1. Take a moment to decide where you want the inlay to fall in relation to 
the clip.I have made the blanks long enough so that you can play with 
that.Cut the blank to length.

2. It is not necessary to drill these on the lathe but do so if you are more 
comfortable with that method.I drilled the first one as I would have done 2 
years ago when I first started making pens.Bench top Ryobi drill press.
3. Drill to the center of the pattern not the center of the blank.The inlay 
should be in the vertical center of the blank but these are not done on a 
CNC or laser engraved.I am pretty  accurate but not perfect.
The inlay is at least 1/4 inch deep which is 1/3 the thickness of the 
blank.drill center and you can put it in any kit other than a  B2B 
slimline.OR a Panache
(This blank will also fit on a Gent or larger bodied pen but I have a 
different procedure for that, write me if you are interested in doing one)

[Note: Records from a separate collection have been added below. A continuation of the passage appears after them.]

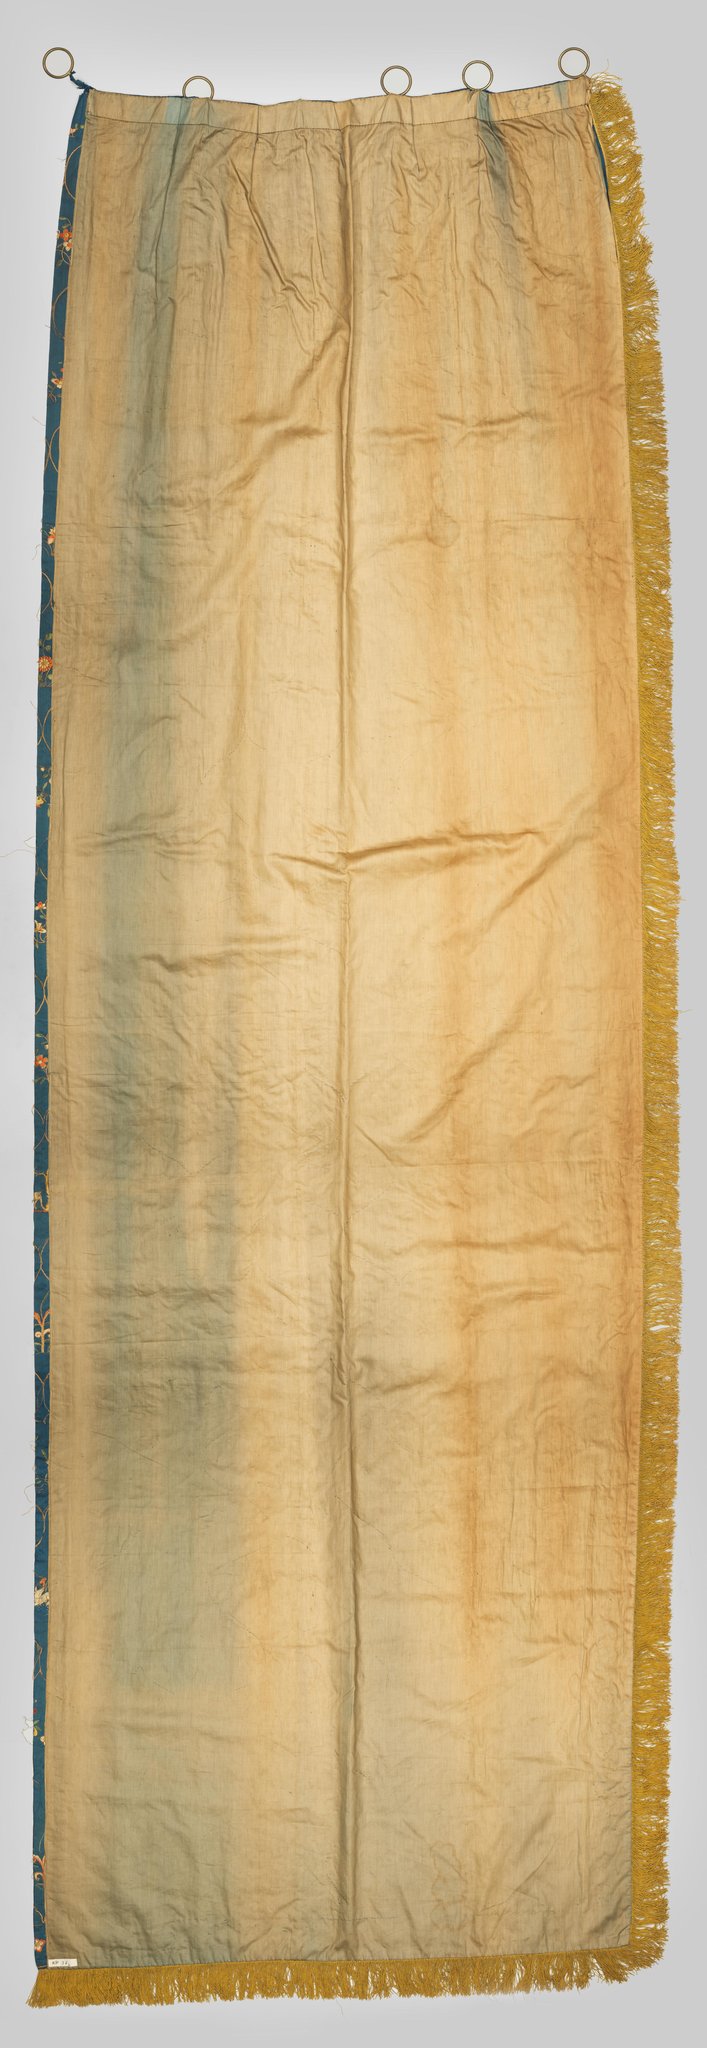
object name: curtain
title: Gordijn van blauw zijde met borduurwerk in Chinese trant
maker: Anonymous
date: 1880-1900
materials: brass, metal thread, silk
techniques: embroidered
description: Gordijn van blauw zijde met borduursel in zijde en goudkleurig metaaldraad in Chinese trant. Mogelijk in China geborduurd. Donkerblauw fond met florale motieven, dieren en mythische wezens in spitsovalen van metaaldraad. Voorzien van vijf messing ringen aan de bovenzijde, versierd met franjes langs twee zijden. Één messing ring ontbreekt. Gevoerd.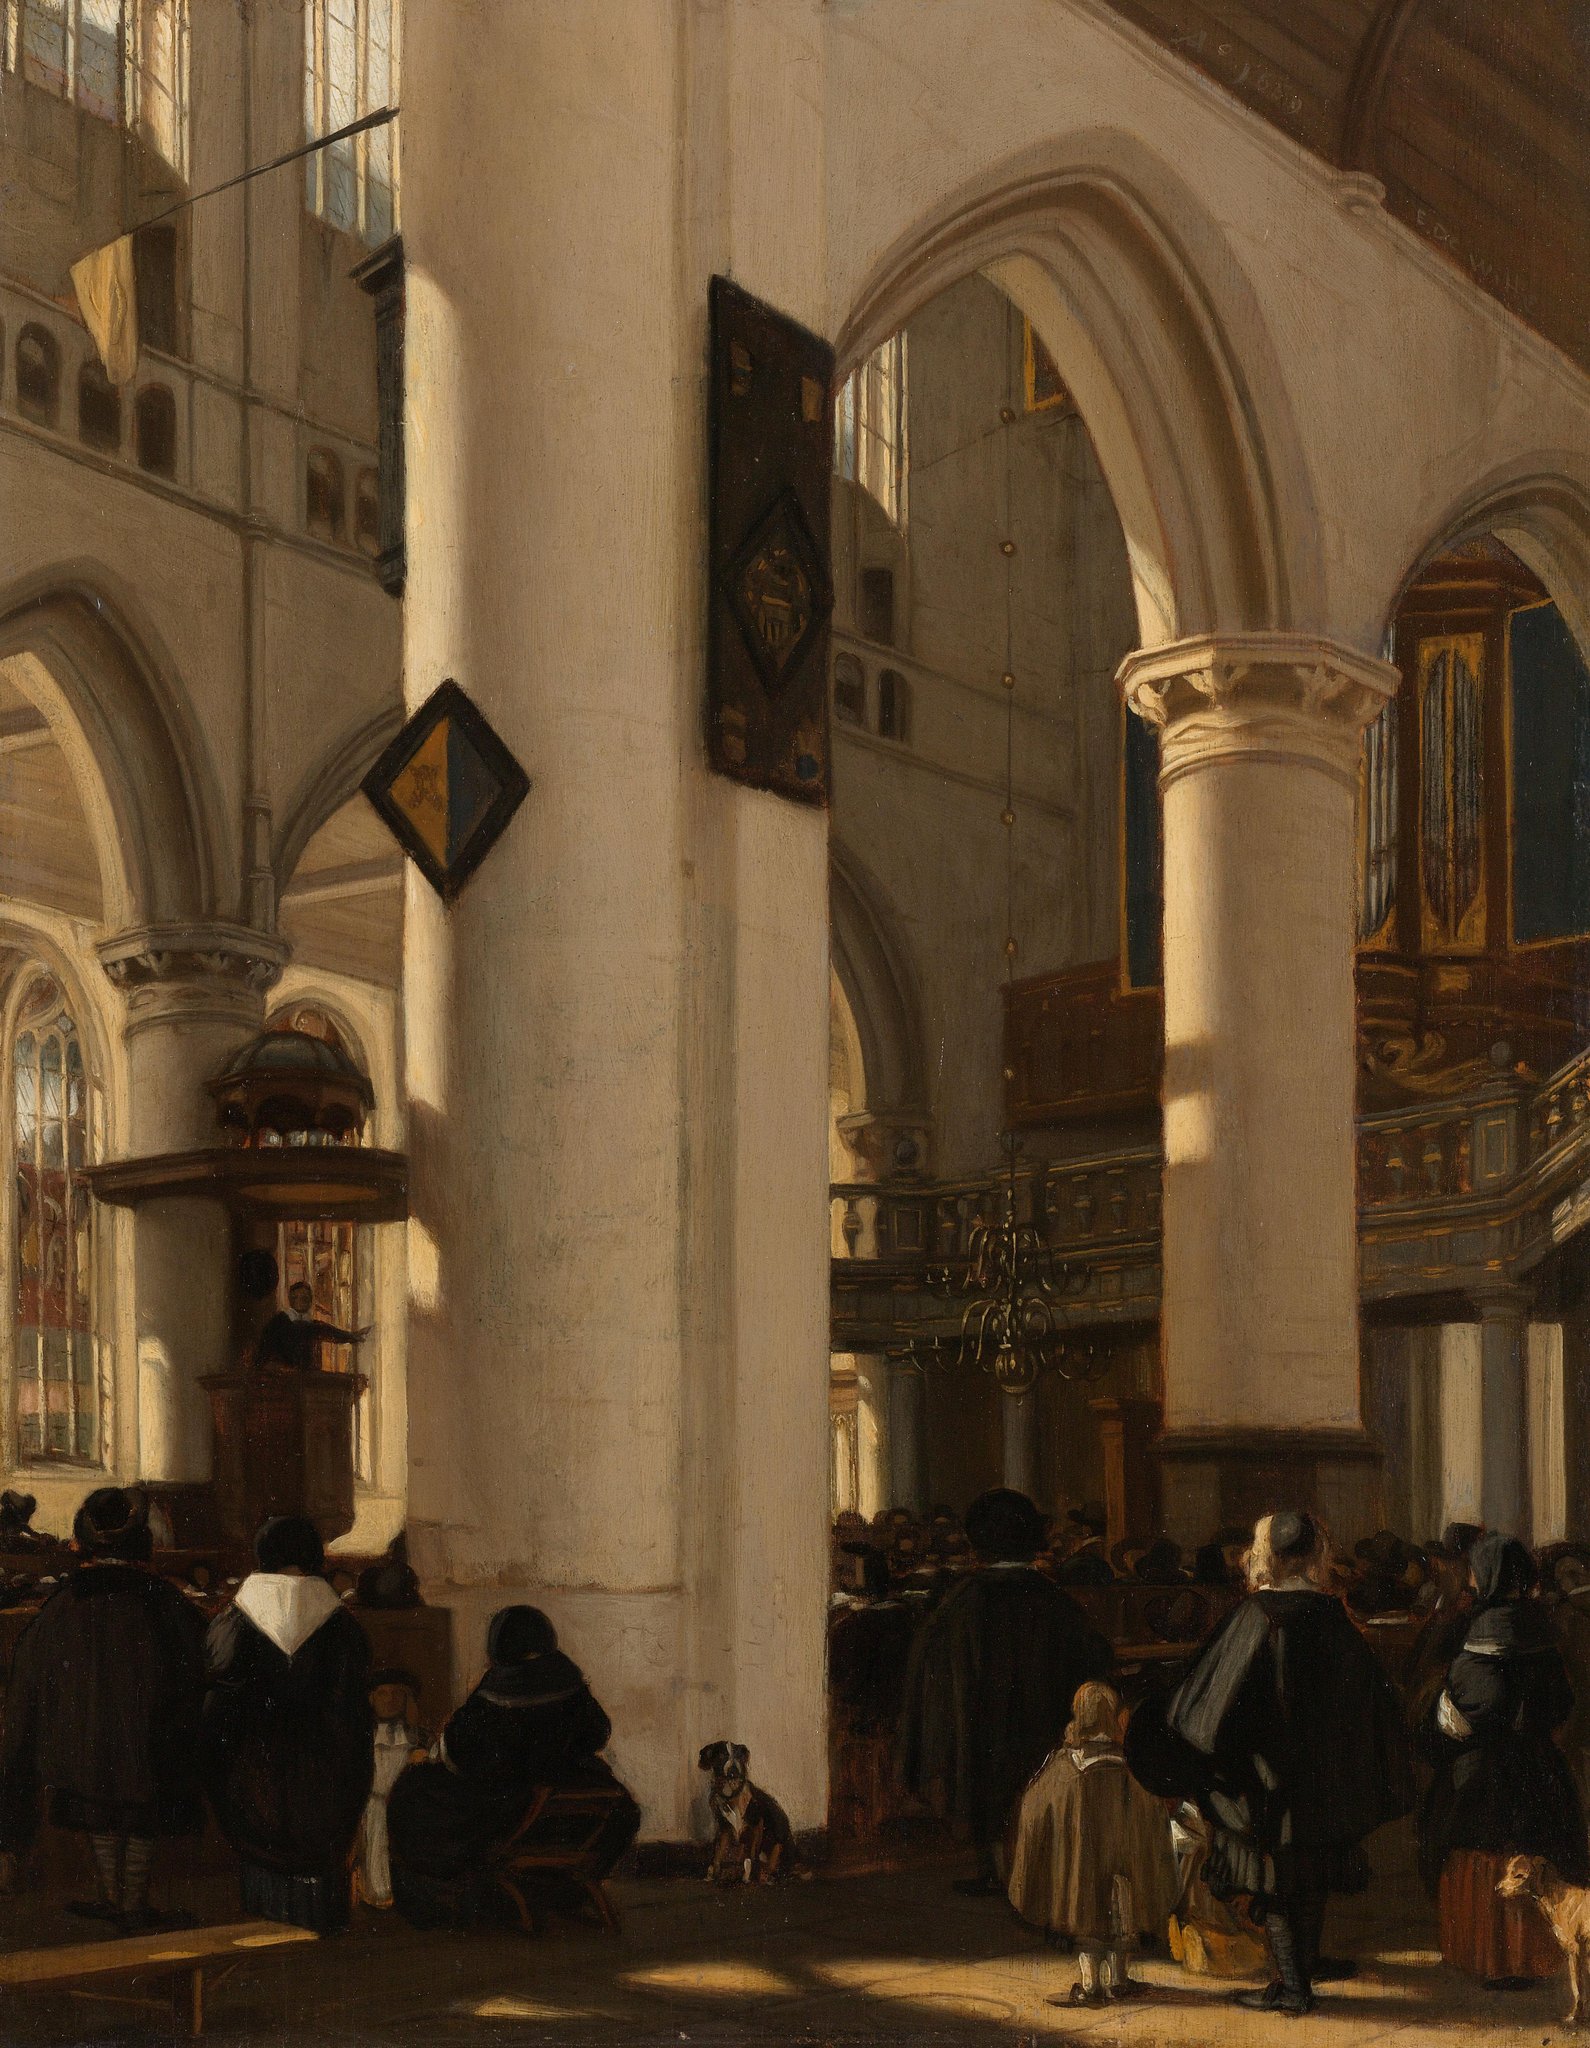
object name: painting
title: Interior of a Protestant, Gothic Church during a Service
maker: emanuel de witte
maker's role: painter
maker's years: 1617-1692
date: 1669
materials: oil, panel
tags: interior of church, sermon ~ protestant service
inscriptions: signature and date: ‘Aº 1669 E. De Witte’
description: However much it might seem as if Emanuel de Witte attended this church service, the painter did not depict reality. In fact, he composed this church interior from parts of various existing churches. The nave, for instance, is based on that of the Oude Kerk in Amsterdam. The emphasis is on perspective and the effects of light and shadow. Thus he was able to create a convincing image.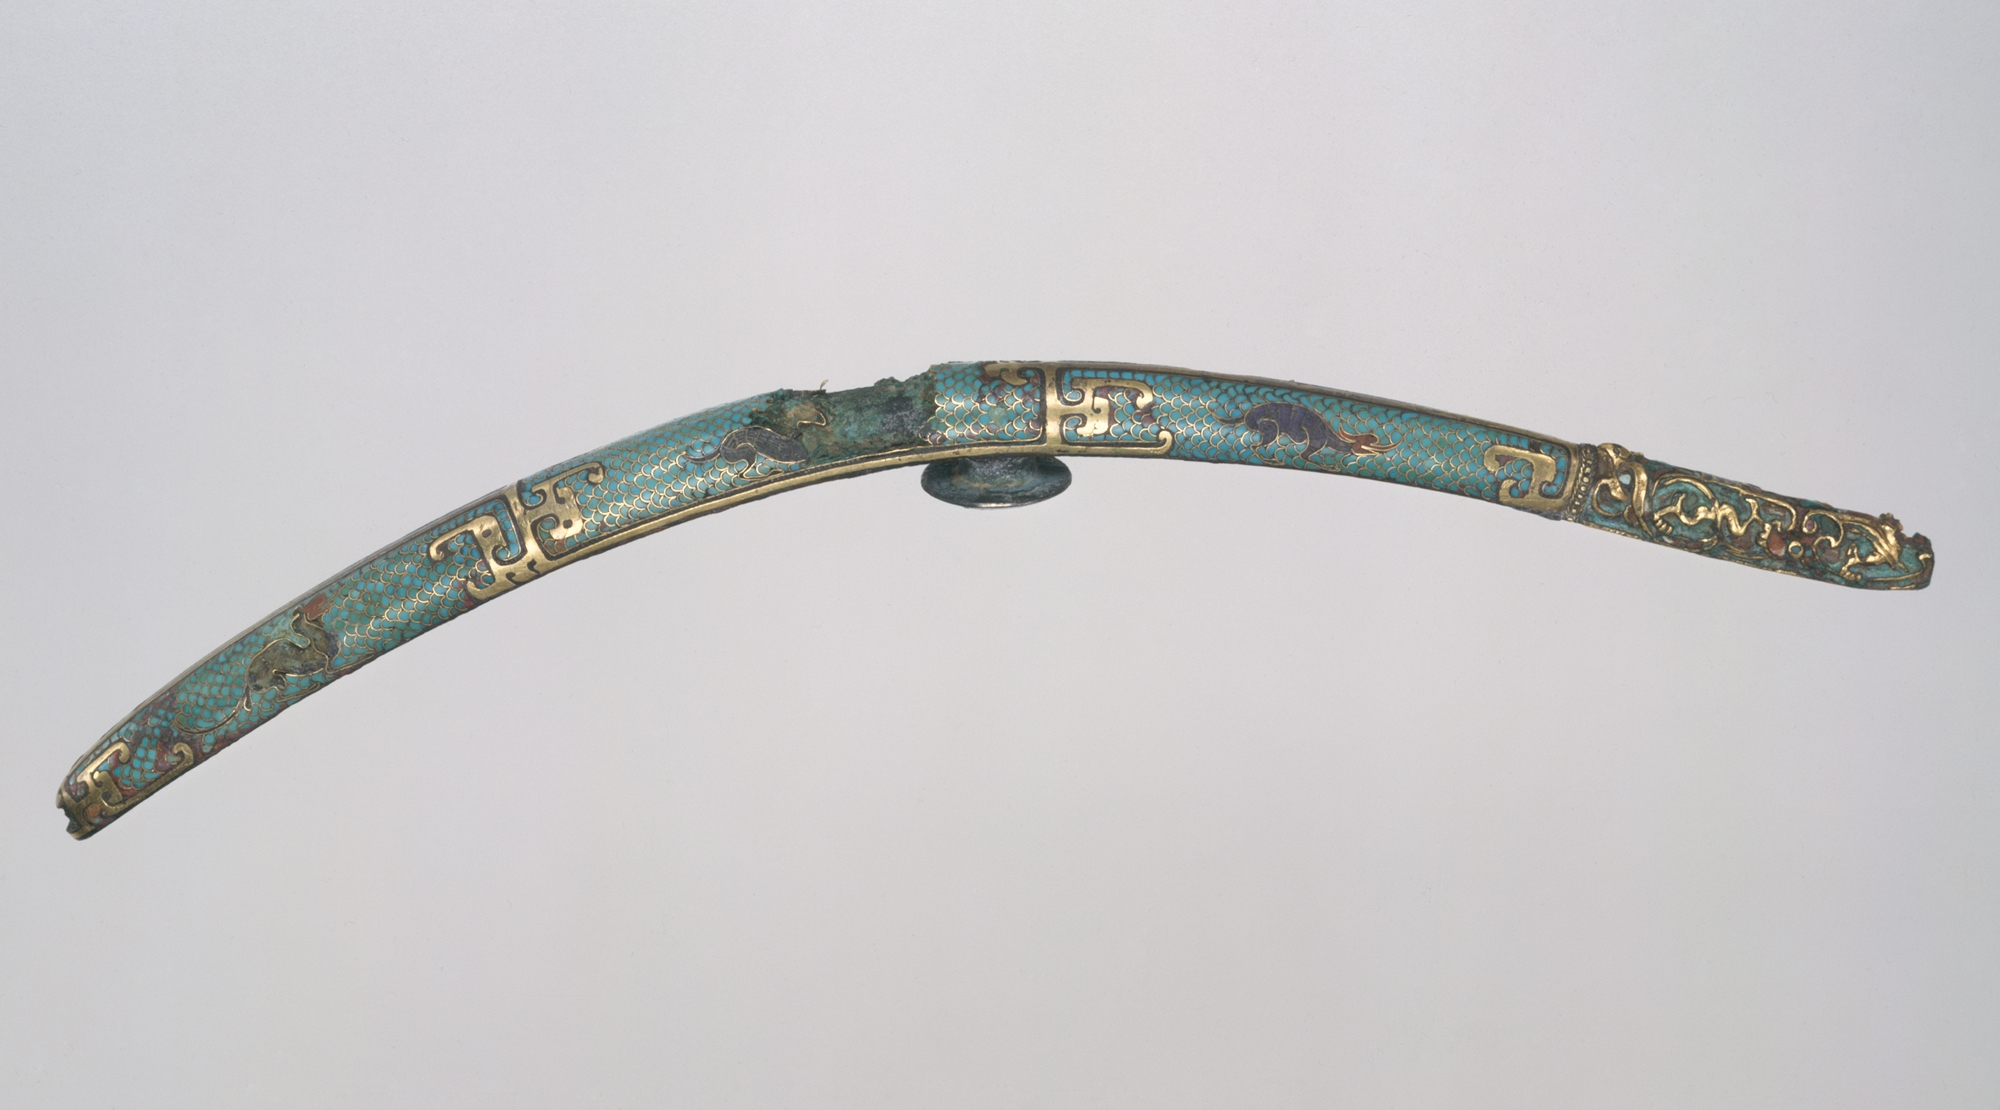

4. This should go without saying but make sure your DP table is 
perpendicular to the bit
and the  drill bit is sharp.I prefer a split point bit for all drilling,use 
what YOU feel comfortable with.
5. After you have drilled for your tube drizzle a little thin CA inside the 
hole and let it set.After about 5 minutes give it a shot of accelerant and 
wait a minute or two. Clean out the hole by running the bit through it 
again.I have found it is not necessary to put it back in the vice. I hold 
the blank in my hand and run it up the bit,You have already established the 
direction of the hole, putting it in the vice serves no purpose.You can also 
chuck up a bit in a Jacobs chuck and ream it out by hand.

GLUING THE TUBE IN
Regardless of what adhesive you use the most important thing to remember is 
that you need good glue coverage between the tube and the blank.
I prefer to use thick CA but have used polyurethane on certain materials.I 
see benefits of both but since I am impatient by nature and want to start 
turning as soon as possible I use CA.
When I made my first pen I noticed the end of the tube acted like a 
"Squeegee" when I inserted the glue covered tube into the blank.Remember 
that day I had the three blow outs?
There was very little glue in the area the blow outs occurred and the blow 
outs predominantly appeared at the ends opposite  the end I inserted the 
tube from.
This is what I do to cure that situation.

PLUG THE END OF THE TUBE THAT WILL BE INSERTED INTO THE TUBE FIRST.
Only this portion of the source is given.